It poured down rain overnight, timpani on the metal roof right above us. When I woke up, I thought about staying in bed all the next day in that chilly guesthouse, reading, but this plan suddenly seemed intolerable. I thought about walking back down into Theth and finding another guesthouse for the night, but that would only accomplish improving the conditions of waiting around. I had to keep moving. I checked the weather again. My phone couldn’t locate Theth, so I asked my hostess to check hers. Cloudy, slight chance of rain. Not a nice day for hiking.

Does every day have to be a nice day, whether you’re hiking or not? Isn’t there some corollary of this-is-just-one-place-and-I’m-just-one-person that posits that weather is just weather and any day for walking is as good as any other, as long as it isn’t pouring down rain? In any case, I had a rain jacket, and Lee had already set an example for me: he had decided to visit a waterfall partway up the Theth-Valbona trail and then come back and spend another night at our guesthouse. While I was deliberating on what to do, he did what should be done: he didn’t think about it; he just got up and left, shortly after our hostess cooked us frittatas she made with nettles harvested from her property—delicious.

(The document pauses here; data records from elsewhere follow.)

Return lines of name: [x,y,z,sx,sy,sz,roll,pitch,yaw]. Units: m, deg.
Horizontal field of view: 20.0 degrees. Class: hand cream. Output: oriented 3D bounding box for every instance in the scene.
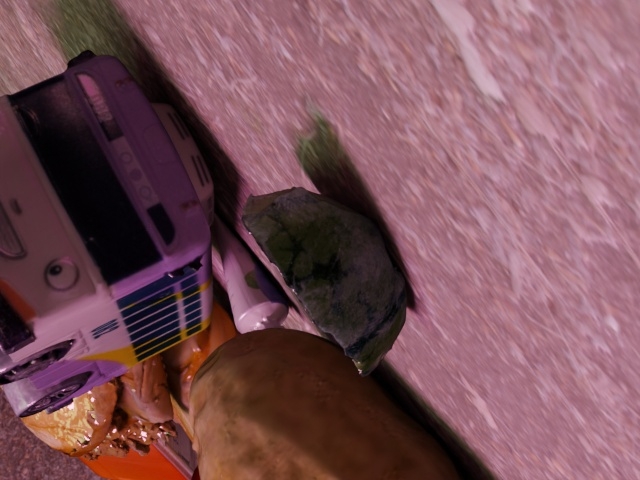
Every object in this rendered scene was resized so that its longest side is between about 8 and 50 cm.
hand cream: [-0.068,0.040,1.706,0.084,0.053,0.142,71,175,-57]

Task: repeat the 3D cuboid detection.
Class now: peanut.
peanut: [0.015,0.217,1.485,0.387,0.192,0.169,45,160,39]

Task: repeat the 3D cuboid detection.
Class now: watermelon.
watermelon: [0.000,0.000,1.210,0.187,0.071,0.139,52,180,-45]

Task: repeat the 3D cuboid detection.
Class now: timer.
timer: [-0.226,0.158,2.268,0.161,0.250,0.257,4,156,18]

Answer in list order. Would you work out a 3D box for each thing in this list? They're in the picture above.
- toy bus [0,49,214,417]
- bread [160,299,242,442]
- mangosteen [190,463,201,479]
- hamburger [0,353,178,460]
toy bus: [-0.222,0.003,1.655,0.209,0.249,0.440,62,172,10]
bread: [-0.119,0.171,2.116,0.173,0.121,0.311,47,165,38]
mangosteen: [-0.025,0.233,1.750,0.215,0.215,0.258,69,-170,-56]
hamburger: [-0.267,0.119,1.986,0.286,0.146,0.243,57,152,4]

There was only one thing to do. I shoved all my stuff back into my bag and announced that I was setting off for Valbona. The hostess’s mother, let’s call her bubbie, objected in Albanian. Snow! she warned. All that rain in the valley the night before wasn’t rain 1000 meters up, where the trail went. But her daughter wasn’t quite so worried. Possibly a light dusting, she said; perhaps mere rain. I asked how much I owed her for the room and the food. It was somewhere under twenty dollars, but I had forgotten exactly how much, and without WiFi—did I mention her guesthouse had no WiFi?—I couldn’t check the booking site; plus she’d fed me twice and given me a beer, so I owed her for board as well as room.

She was sheepish, and wouldn’t name a price. Her face betrayed awareness that her place was lacking, her son a problem. As if deleting amenities by the hour, after breakfast the power went out. Enough. I gave her a 2,000 lekë note (about $20), fairly close to the actual listed price of the place on booking-dot-com, plus a little extra for the food (she looked a bit surprised that I gave her anything at all); and I marched off.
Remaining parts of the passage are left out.